Fortunately it's just a concrete grade, no stairs involved. The workshop in question is sort of a split level halfway below grade. Best case, there's plenty of room to maneuver so depending on how heavy it is once stripped down it might just be as simple as tipping it on it's side and getting a guy on each of the four corners. Worst case I can probably get creative with some reinforced mover's dollies, some heavy cargo straps and a winch.

Once it's free and clear a folding shop crane should be able to pick it and load it provided a solid lifting arrangement can be devised.

Have you ever had one of those bases apart? Know how heavy the casting is by chance? I'm guessing at least half of the weight is in the bottom drive pulley, motor and door + panels. If I can get those dropped out that should help substantially.
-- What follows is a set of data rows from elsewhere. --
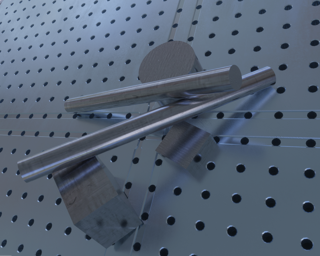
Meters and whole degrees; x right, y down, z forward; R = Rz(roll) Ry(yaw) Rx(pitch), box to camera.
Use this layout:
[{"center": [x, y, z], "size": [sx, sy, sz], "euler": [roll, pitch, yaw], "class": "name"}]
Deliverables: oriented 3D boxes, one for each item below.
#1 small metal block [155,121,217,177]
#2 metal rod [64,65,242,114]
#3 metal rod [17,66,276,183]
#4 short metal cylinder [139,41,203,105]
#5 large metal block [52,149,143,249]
[{"center": [0.031, 0.023, 0.377], "size": [0.050, 0.025, 0.050], "euler": [28, 77, 37], "class": "small metal block"}, {"center": [-0.036, -0.042, 0.403], "size": [0.300, 0.025, 0.025], "euler": [-3, 59, 43], "class": "metal rod"}, {"center": [-0.004, -0.009, 0.349], "size": [0.302, 0.025, 0.025], "euler": [-22, 51, -11], "class": "metal rod"}, {"center": [0.018, -0.072, 0.426], "size": [0.080, 0.050, 0.080], "euler": [-13, 56, 21], "class": "short metal cylinder"}, {"center": [-0.072, 0.079, 0.355], "size": [0.050, 0.080, 0.080], "euler": [-34, 51, -9], "class": "large metal block"}]
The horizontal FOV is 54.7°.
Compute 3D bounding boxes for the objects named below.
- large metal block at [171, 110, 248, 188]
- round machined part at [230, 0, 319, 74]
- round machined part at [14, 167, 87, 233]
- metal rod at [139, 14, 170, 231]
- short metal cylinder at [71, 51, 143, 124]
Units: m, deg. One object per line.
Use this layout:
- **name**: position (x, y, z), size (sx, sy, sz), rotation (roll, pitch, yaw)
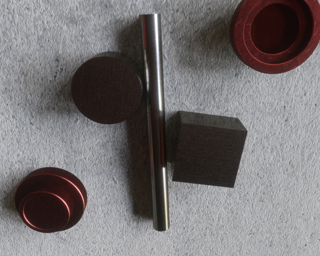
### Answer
- **large metal block**: position (0.060, 0.027, 0.407), size (0.081, 0.050, 0.079), rotation (7, 110, -3)
- **round machined part**: position (0.130, -0.115, 0.360), size (0.099, 0.042, 0.097), rotation (0, 110, 0)
- **round machined part**: position (-0.157, 0.108, 0.439), size (0.099, 0.042, 0.097), rotation (0, 110, 0)
- **metal rod**: position (-0.005, 0.007, 0.412), size (0.025, 0.025, 0.298), rotation (-3, 110, 1)
- **short metal cylinder**: position (-0.061, -0.050, 0.377), size (0.081, 0.050, 0.079), rotation (0, 110, 0)
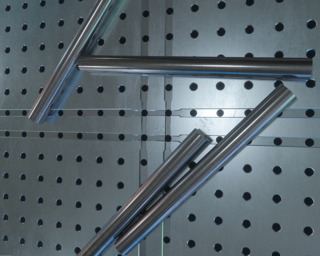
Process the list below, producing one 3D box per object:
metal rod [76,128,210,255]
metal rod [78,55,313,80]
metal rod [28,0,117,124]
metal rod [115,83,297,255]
[{"bbox_3d":[-0.044,0.117,0.426,0.025,0.025,0.299,45,103,14],"label":"metal rod"},{"bbox_3d":[0.030,-0.080,0.401,0.301,0.025,0.025,5,92,19],"label":"metal rod"},{"bbox_3d":[-0.108,-0.134,0.449,0.025,0.025,0.299,38,102,15],"label":"metal rod"},{"bbox_3d":[0.048,0.061,0.395,0.299,0.025,0.025,-46,76,14],"label":"metal rod"}]
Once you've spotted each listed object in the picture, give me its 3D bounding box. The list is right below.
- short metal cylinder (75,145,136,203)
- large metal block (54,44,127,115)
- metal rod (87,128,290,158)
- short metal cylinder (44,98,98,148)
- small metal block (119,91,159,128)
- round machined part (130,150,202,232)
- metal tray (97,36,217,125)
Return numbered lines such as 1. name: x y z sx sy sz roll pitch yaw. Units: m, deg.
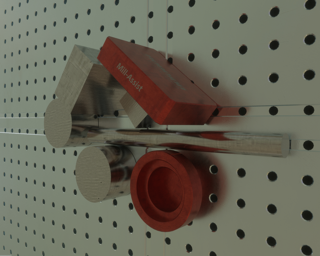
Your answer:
1. short metal cylinder: -0.080 0.066 0.459 0.080 0.050 0.080 0 90 40
2. large metal block: -0.093 -0.066 0.451 0.050 0.081 0.080 46 117 29
3. metal rod: 0.009 0.015 0.402 0.300 0.025 0.025 1 91 40
4. short metal cylinder: -0.149 -0.008 0.515 0.080 0.050 0.080 0 90 40
5. small metal block: -0.023 -0.035 0.429 0.050 0.025 0.050 -46 63 30
6. round machined part: 0.012 0.075 0.389 0.098 0.042 0.097 0 90 40
7. metal tray: -0.004 -0.056 0.370 0.130 0.091 0.030 48 119 29
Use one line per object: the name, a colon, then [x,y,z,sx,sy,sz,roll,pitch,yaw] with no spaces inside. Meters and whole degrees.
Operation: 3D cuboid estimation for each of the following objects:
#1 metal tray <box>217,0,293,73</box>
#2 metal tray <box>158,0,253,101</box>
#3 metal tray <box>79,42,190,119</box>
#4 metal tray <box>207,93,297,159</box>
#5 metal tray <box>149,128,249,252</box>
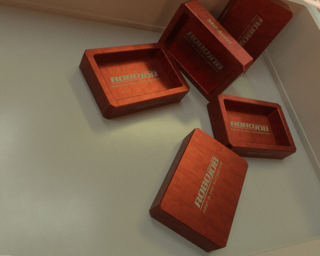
metal tray: [0.137,-0.157,0.508,0.091,0.129,0.030,18,45,-18]
metal tray: [0.065,-0.115,0.471,0.130,0.090,0.030,49,51,5]
metal tray: [-0.032,-0.070,0.428,0.131,0.030,0.090,-17,71,-35]
metal tray: [0.143,-0.001,0.482,0.131,0.030,0.090,6,59,-26]
metal tray: [0.054,0.073,0.389,0.090,0.030,0.130,34,51,-6]
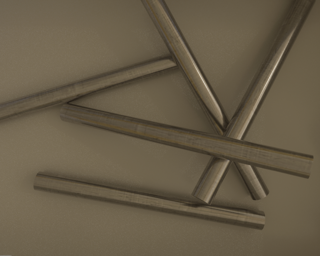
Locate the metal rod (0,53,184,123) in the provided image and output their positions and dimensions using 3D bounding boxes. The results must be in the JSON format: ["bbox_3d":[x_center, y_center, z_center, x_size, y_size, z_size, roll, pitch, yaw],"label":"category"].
[{"bbox_3d":[-0.109,-0.050,0.410,0.302,0.025,0.025,-17,90,0],"label":"metal rod"}]

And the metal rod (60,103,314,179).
[{"bbox_3d":[0.015,0.010,0.365,0.301,0.025,0.025,12,90,18],"label":"metal rod"}]

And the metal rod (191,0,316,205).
[{"bbox_3d":[0.121,-0.044,0.386,0.025,0.025,0.300,30,79,0],"label":"metal rod"}]

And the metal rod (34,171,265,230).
[{"bbox_3d":[-0.013,0.096,0.411,0.302,0.025,0.025,10,90,0],"label":"metal rod"}]

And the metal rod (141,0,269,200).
[{"bbox_3d":[0.059,-0.039,0.393,0.025,0.025,0.299,-30,98,0],"label":"metal rod"}]
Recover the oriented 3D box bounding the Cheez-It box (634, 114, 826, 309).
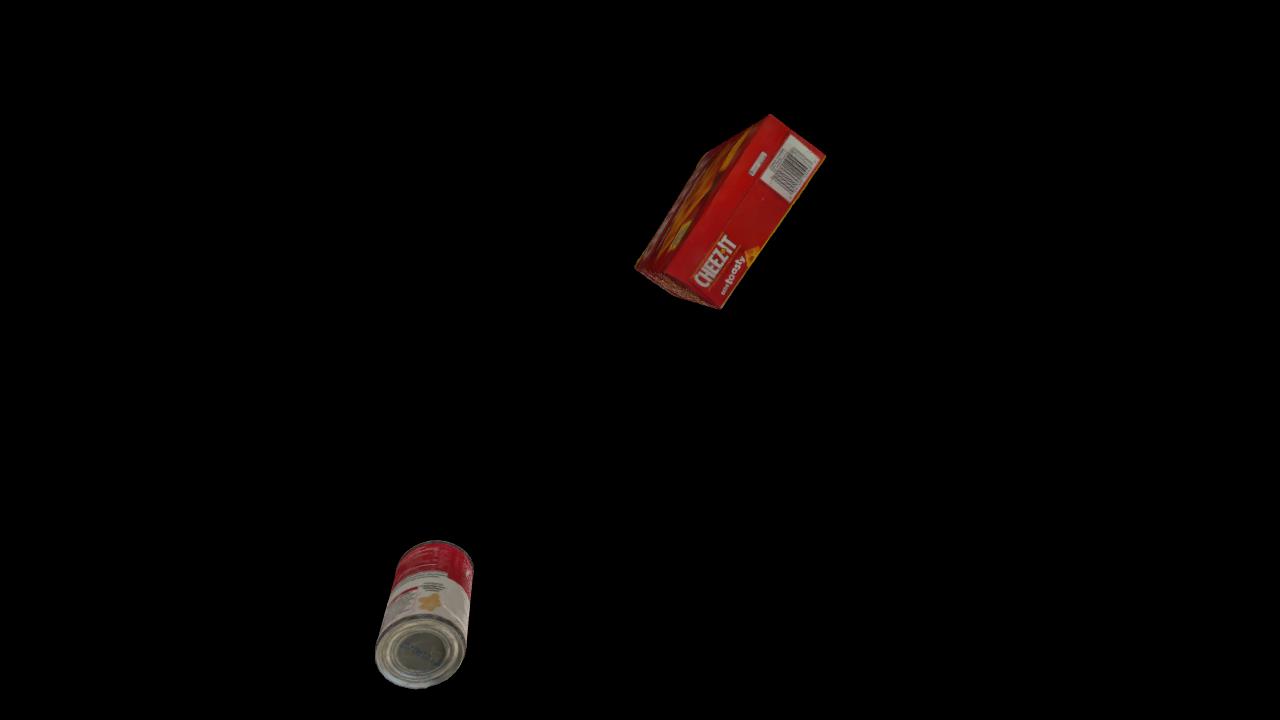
[{"bbox_3d":[0.076,-0.144,0.633,0.071,0.166,0.223,33,4,-12],"label":"Cheez-It box"}]

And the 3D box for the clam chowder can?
[{"bbox_3d":[-0.175,0.206,0.508,0.068,0.068,0.102,0,16,-12],"label":"clam chowder can"}]
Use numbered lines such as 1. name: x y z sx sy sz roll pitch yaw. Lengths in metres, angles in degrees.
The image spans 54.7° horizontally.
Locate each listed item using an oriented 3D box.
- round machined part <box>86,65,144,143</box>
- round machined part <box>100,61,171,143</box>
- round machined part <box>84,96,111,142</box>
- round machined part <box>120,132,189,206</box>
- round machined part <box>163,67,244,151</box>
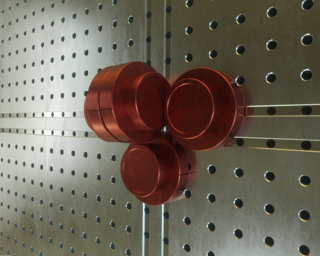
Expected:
1. round machined part: -0.054 -0.030 0.396 0.042 0.099 0.097 2 91 40
2. round machined part: -0.020 -0.031 0.369 0.042 0.099 0.097 -1 90 40
3. round machined part: -0.075 -0.027 0.457 0.098 0.042 0.097 0 90 39
4. round machined part: -0.014 0.054 0.407 0.098 0.042 0.097 0 90 39
5. round machined part: 0.043 -0.022 0.360 0.098 0.042 0.097 0 90 39
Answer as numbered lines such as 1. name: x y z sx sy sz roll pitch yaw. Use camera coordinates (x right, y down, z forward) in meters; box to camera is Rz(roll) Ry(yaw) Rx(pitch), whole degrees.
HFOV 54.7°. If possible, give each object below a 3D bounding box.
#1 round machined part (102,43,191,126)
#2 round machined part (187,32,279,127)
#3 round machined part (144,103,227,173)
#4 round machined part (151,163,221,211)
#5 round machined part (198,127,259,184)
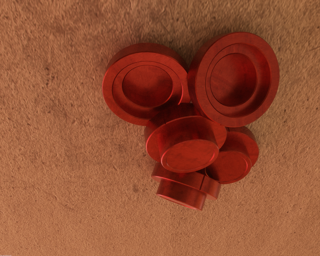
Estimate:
1. round machined part: -0.014 -0.052 0.353 0.099 0.042 0.097 -1 130 0
2. round machined part: 0.075 -0.053 0.336 0.099 0.042 0.097 -5 105 -17
3. round machined part: 0.032 0.019 0.371 0.099 0.042 0.097 -7 141 -5
4. round machined part: 0.033 0.086 0.438 0.098 0.042 0.098 18 165 6
5. round machined part: 0.089 0.042 0.434 0.099 0.042 0.097 -1 130 0
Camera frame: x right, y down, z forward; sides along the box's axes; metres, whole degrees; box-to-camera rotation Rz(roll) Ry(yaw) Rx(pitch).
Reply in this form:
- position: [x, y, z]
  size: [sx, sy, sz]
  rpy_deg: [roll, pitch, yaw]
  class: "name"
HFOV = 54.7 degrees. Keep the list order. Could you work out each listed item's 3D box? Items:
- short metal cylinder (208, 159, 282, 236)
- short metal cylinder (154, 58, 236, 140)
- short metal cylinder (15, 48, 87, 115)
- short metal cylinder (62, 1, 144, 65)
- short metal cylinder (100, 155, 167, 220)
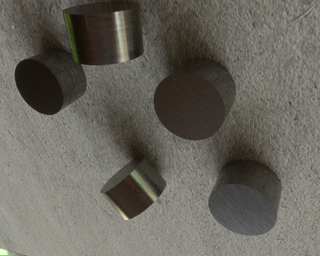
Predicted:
- position: [0.107, 0.087, 0.388]
  size: [0.080, 0.050, 0.079]
  rpy_deg: [13, 124, 21]
  class: "short metal cylinder"
- position: [0.040, -0.033, 0.349]
  size: [0.080, 0.050, 0.079]
  rpy_deg: [13, 124, 21]
  class: "short metal cylinder"
- position: [-0.151, -0.065, 0.430]
  size: [0.080, 0.050, 0.079]
  rpy_deg: [13, 124, 21]
  class: "short metal cylinder"
- position: [-0.060, -0.105, 0.338]
  size: [0.080, 0.080, 0.050]
  rpy_deg: [10, 123, 23]
  class: "short metal cylinder"
- position: [-0.038, 0.084, 0.443]
  size: [0.080, 0.080, 0.050]
  rpy_deg: [-33, 100, 38]
  class: "short metal cylinder"
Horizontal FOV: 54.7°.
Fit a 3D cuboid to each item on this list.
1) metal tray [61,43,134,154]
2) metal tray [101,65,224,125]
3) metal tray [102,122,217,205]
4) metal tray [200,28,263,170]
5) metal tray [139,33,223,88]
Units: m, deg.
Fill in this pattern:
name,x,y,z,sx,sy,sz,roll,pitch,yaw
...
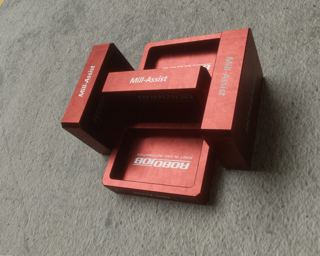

The only other question mark after that is the bed, and again I think it's going to come down to much the same scenario as above.

While I'm thinking about it, what sort of procedure is going to be involved when it comes time to re-align the headstock? I vaguely remember hearing something about using a known round shaft colletted into the spindle and a dial indicator. I think you're supposed to face off the end and then adjust the headstock until said face indicates the same error on both front and back... then wash, rinse, repeat until it's dead on the nuts? :scratchchin:
 
If you go the movers dolly route be very careful relative to the center of gravity of what you are moving. Avoid the horrible freight ones as the 1000 lb. rating is highly optimistic. The base with the motor drive is a few hundred lbs. The headstock is pretty much self aligning if I recall when I reassembled mine, but the procedure you described will probably verify . Jim
 
Headstock goes right back on, self aligning. Clean the top of the bed and the bottom ways on the headstock of course. It will
be filthy probably. My recollection is that about 1/4 of the weight of the base is in the motor and motor support. Strapping
the base to a mover's dolly is probably a good way to go.

As mentioned take off the door, and the side panels as they are sort of fragile.